# Internship in Australia



## TigerStripes (Aug 7, 2010)

Hi,

I'm currently studying product development at the University of applied sciences in Bielefeld, Germany and I really would like to do an Internship in Australia for one semester (if I can find a way to afford it).
So here's my question:
Is there anyone who has experiences with an internship in Down Under and who has some advice what kind of bureaucracy i have to expect and maybe some tips how to handle the finances (I heard there are some companies which pay you some kind of wage during an internship, or even care about an accommodation for you)?

My favorite company would be anyone that has anything to do with the aviation industry, but anything else is welcome too.

Greetings,
Tim


----------



## TigerStripes (Aug 7, 2010)

Is there no one who can tell me where I can get some information or who has some tips from own experiences?


----------



## Nai (Feb 23, 2011)

Unfortunately if you don't have full working rights in au most agencies will charge you for unpaid internships (for what they call a 'placement fee').

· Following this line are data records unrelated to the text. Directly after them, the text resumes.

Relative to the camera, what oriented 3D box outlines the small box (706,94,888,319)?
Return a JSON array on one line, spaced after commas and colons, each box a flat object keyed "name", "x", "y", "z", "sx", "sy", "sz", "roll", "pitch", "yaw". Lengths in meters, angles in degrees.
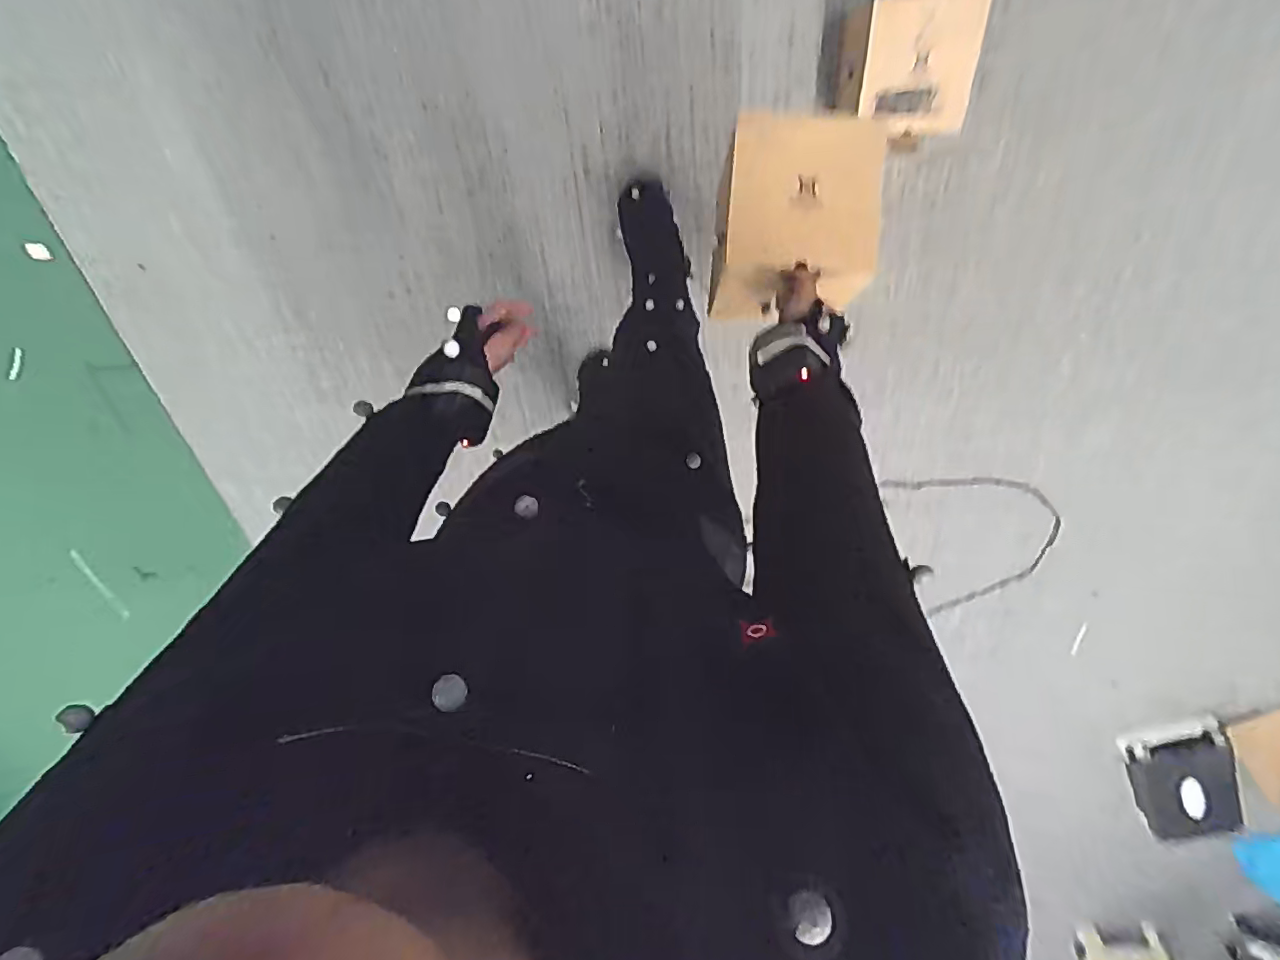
[{"name": "small box", "x": 0.173, "y": -0.310, "z": 0.645, "sx": 0.168, "sy": 0.176, "sz": 0.179, "roll": 4, "pitch": 88, "yaw": 0}]
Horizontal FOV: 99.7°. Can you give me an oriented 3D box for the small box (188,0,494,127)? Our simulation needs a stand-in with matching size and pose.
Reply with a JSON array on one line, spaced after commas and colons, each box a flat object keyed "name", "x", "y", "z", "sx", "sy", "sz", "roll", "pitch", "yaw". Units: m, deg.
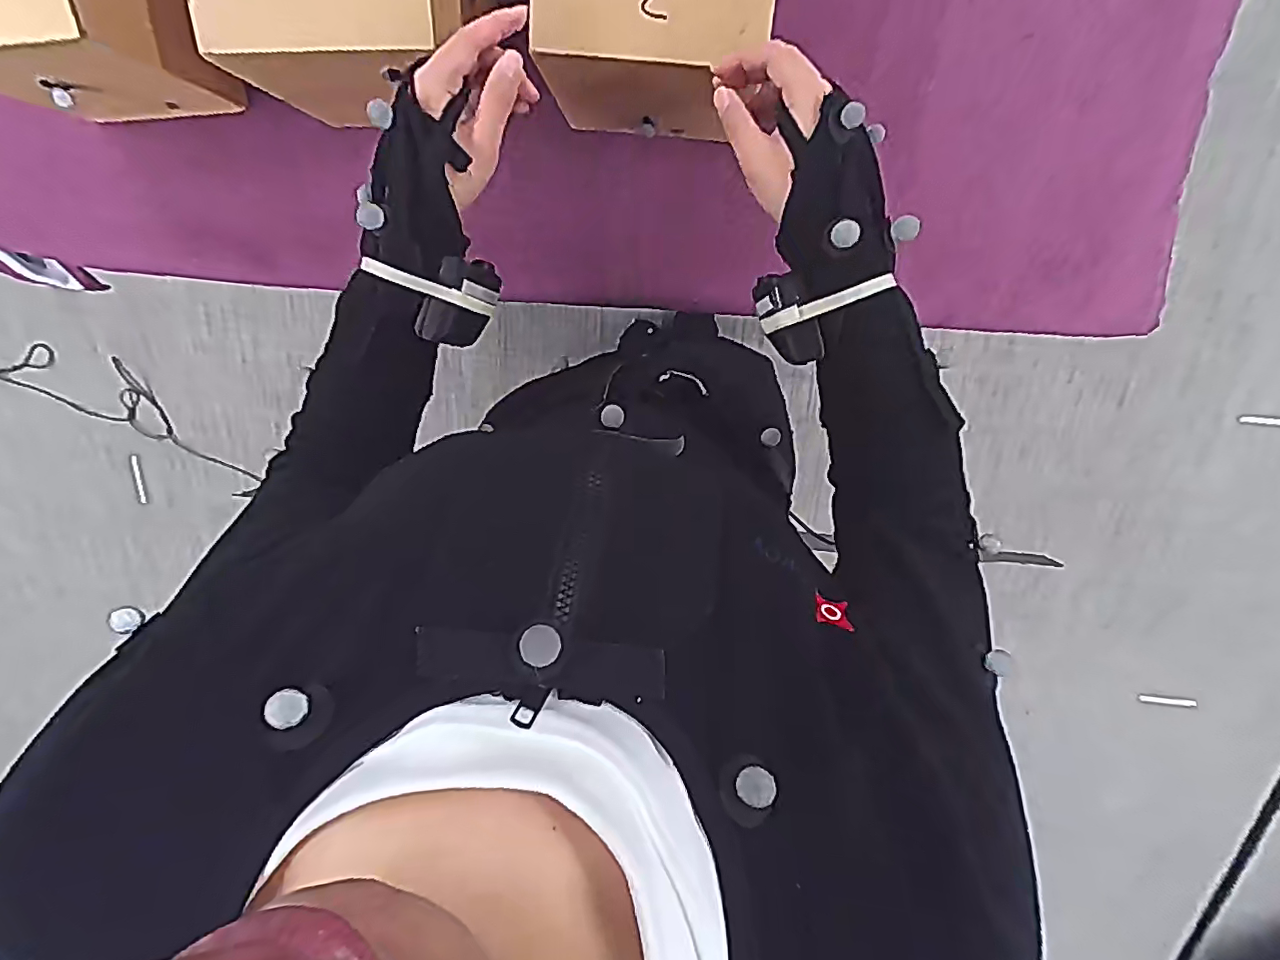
[{"name": "small box", "x": -0.224, "y": -0.403, "z": 0.432, "sx": 0.179, "sy": 0.176, "sz": 0.168, "roll": 0, "pitch": 107, "yaw": 2}]

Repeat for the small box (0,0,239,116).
[{"name": "small box", "x": -0.479, "y": -0.422, "z": 0.443, "sx": 0.168, "sy": 0.176, "sz": 0.179, "roll": -2, "pitch": 107, "yaw": 4}]
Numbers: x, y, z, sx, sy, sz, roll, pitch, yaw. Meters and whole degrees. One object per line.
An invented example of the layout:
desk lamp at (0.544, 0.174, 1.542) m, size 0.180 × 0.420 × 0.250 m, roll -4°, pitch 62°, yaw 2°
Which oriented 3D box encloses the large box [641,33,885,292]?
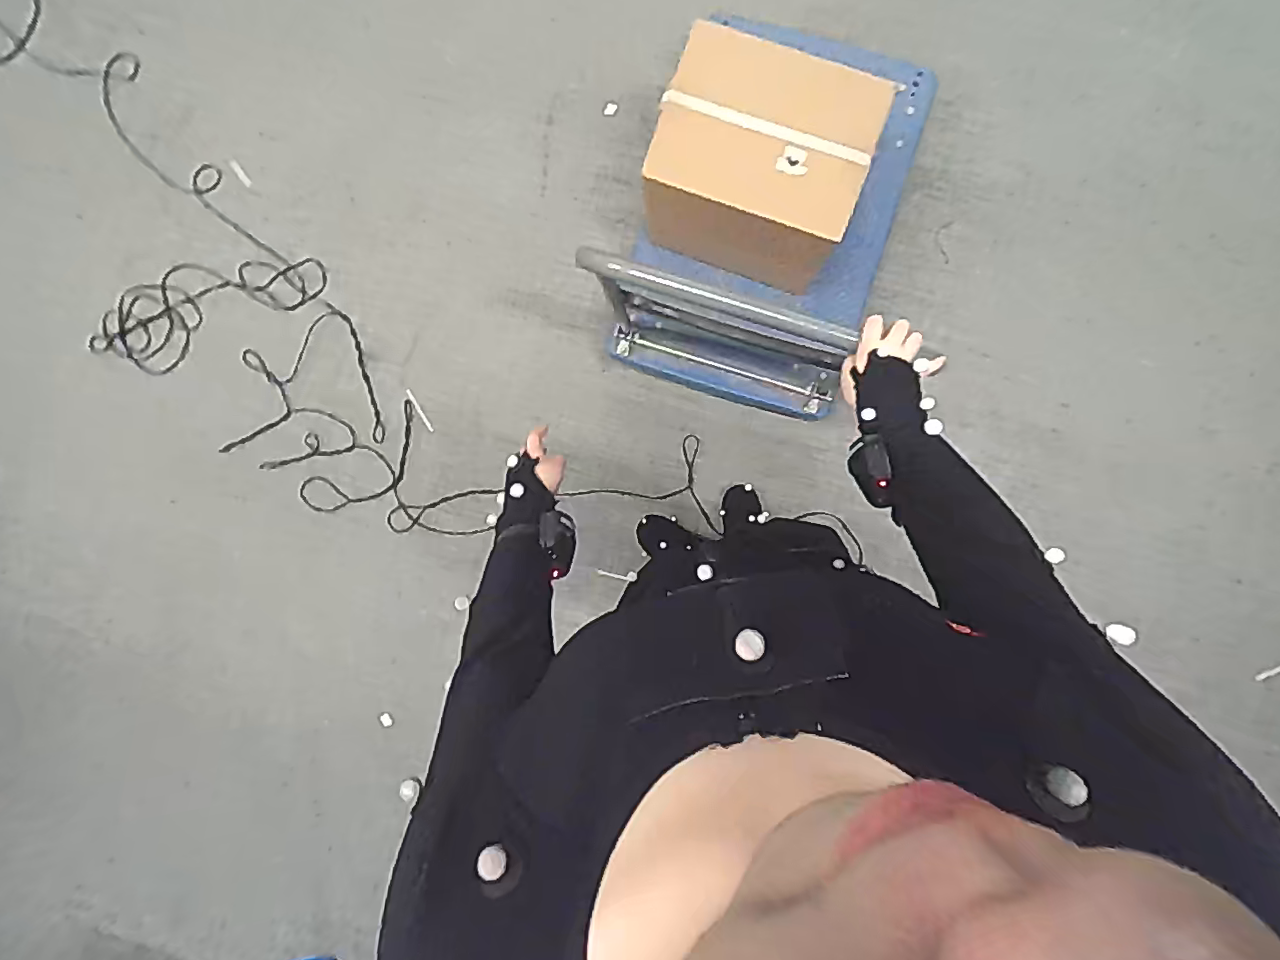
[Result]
large box at (0.240, -0.665, 1.191) m, size 0.408 × 0.320 × 0.320 m, roll 20°, pitch 92°, yaw 2°

A lot of these are in Sydney and Melbourne and have to do with marketing, IT and business. They can arrange a special type of visa for you, but if you already have a working holiday you don't have to pay for visa processing fees. This is, however, my experience looking for internships here for months!

Paid internships seem to be very very difficult to obtain. Best way would be to obtain a working holiday visa and apply for temporary jobs that will at least pay you for your work!


----------